◆ **Problem description**
The entries below contain pictures, which are to be left out; write out exactly, and only, the lines from the line with "<formula> <loc_0><loc_0><loc_500><loc_500>E = \int" up to and including the line with "Convert formula to".
#### Supplied material ####
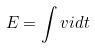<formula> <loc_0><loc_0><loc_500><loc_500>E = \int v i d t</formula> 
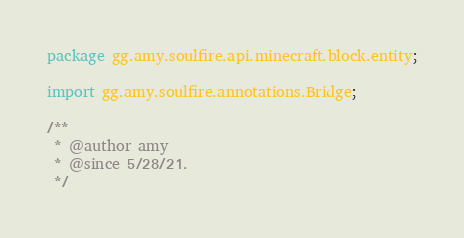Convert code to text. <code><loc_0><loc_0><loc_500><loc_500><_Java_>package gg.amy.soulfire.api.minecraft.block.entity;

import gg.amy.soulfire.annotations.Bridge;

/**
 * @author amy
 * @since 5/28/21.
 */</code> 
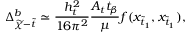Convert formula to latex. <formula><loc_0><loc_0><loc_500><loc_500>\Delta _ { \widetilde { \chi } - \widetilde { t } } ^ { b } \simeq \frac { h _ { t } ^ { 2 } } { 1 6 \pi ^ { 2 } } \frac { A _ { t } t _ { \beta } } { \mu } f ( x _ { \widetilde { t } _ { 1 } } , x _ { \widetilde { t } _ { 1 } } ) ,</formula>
####
#### Supplied material ####
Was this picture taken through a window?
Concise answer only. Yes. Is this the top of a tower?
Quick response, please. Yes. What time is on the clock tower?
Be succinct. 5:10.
####
◆ **Task result**
<formula> <loc_0><loc_0><loc_500><loc_500>E = \int v i d t</formula> 
Convert code to text. <code><loc_0><loc_0><loc_500><loc_500><_Java_>package gg.amy.soulfire.api.minecraft.block.entity;

import gg.amy.soulfire.annotations.Bridge;

/**
 * @author amy
 * @since 5/28/21.
 */</code> 
Convert formula to latex. <formula><loc_0><loc_0><loc_500><loc_500>\Delta _ { \widetilde { \chi } - \widetilde { t } } ^ { b } \simeq \frac { h _ { t } ^ { 2 } } { 1 6 \pi ^ { 2 } } \frac { A _ { t } t _ { \beta } } { \mu } f ( x _ { \widetilde { t } _ { 1 } } , x _ { \widetilde { t } _ { 1 } } ) ,</formula>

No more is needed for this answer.